The bigger problem with people asking for religious exemptions, experts say, isn’t about doctrine at all; it’s about  sincerity. Some anti-vaccination activists have mounted online campaigns encouraging people to claim religious exemptions, leading some to question whether politically motivated anti-vaxxers are trying to game the system.

Others, noting Supreme Court cases protecting the rights of conscientious objectors to the Vietnam War, say it may be enough to claim a moral or philosophical opposition to the vaccine.

“Those cases set a precedent that is also looming in the background,” Reinbold says.

Meanwhile, as religious exemption requests begin to make their way through hospitals, universities and corporations, COVID-19 infection rates are surging in many parts of the nation.

“What worries me about the current moment is, because of how politicized the vaccine has become, I think there’s a possibility of a lot more people refusing to be vaccinated and then hindering the country’s ability to get the pandemic under control,” Inazu said.

Inazu finds efforts to demonize the unvaccinated unhelpful at best. It’s important for institutions with vaccine mandates to note that “there are really big questions about communication and messaging and empathy,” Inazu added. He notes that some who oppose vaccines may be “very seriously struggling with whether they should be vaccinated. How do you engage with your neighbor who is kind of thinking about this differently?”

The Rev. Emilie Townes, a social ethicist and dean of the divinity school at Vanderbilt University in Nashville, got vaccinated against COVID-19 earlier this year.

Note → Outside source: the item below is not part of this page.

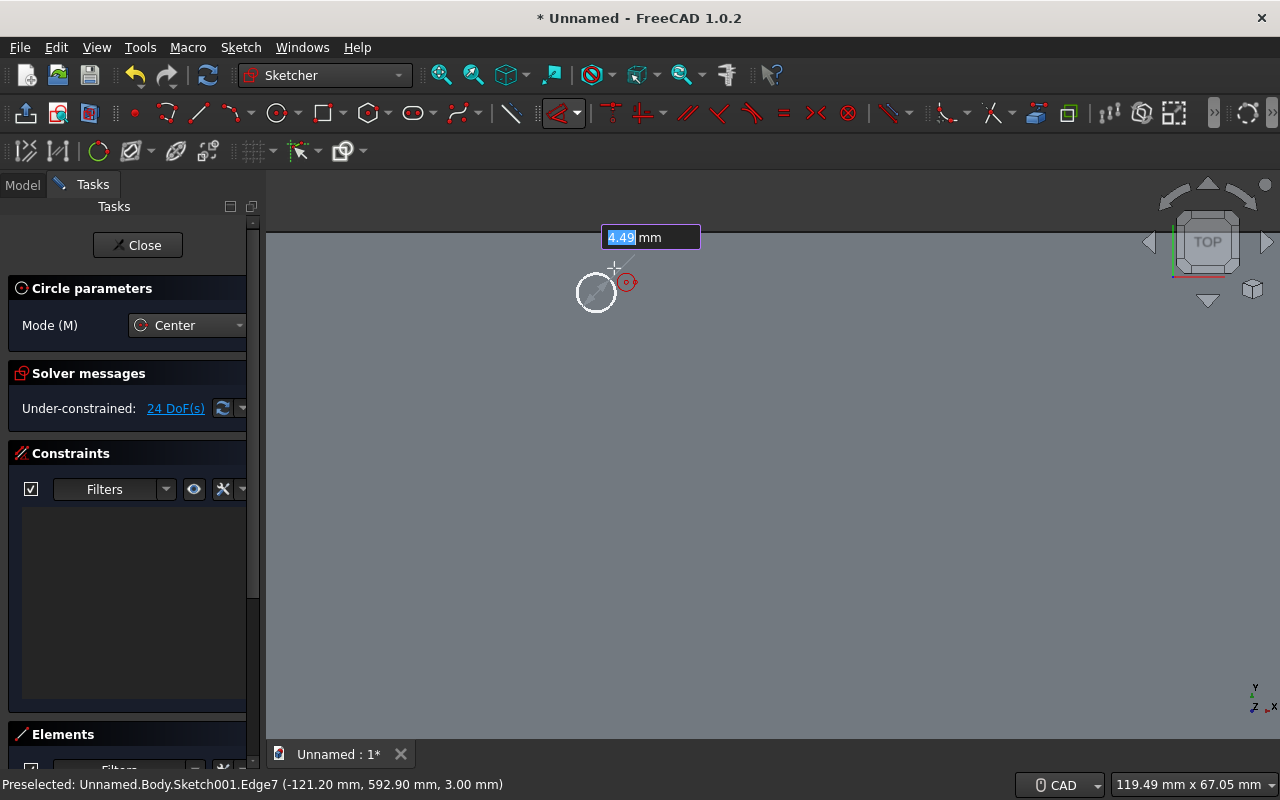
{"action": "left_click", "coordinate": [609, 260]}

Considering what she’d say to a colleague who believes their religion prohibited the vaccines, she said she’d encourage them to study “fact-based, medically sound information, and put that in conversation with your religious beliefs, and really do the hard work of reflection and discernment of what you feel you can and must do.”

So far, it’s not a conversation she’s had to have. All of the faculty and staff at her divinity school got the vaccine.

(This article first appeared on Interfaith America, a website of the Interfaith Youth Core.)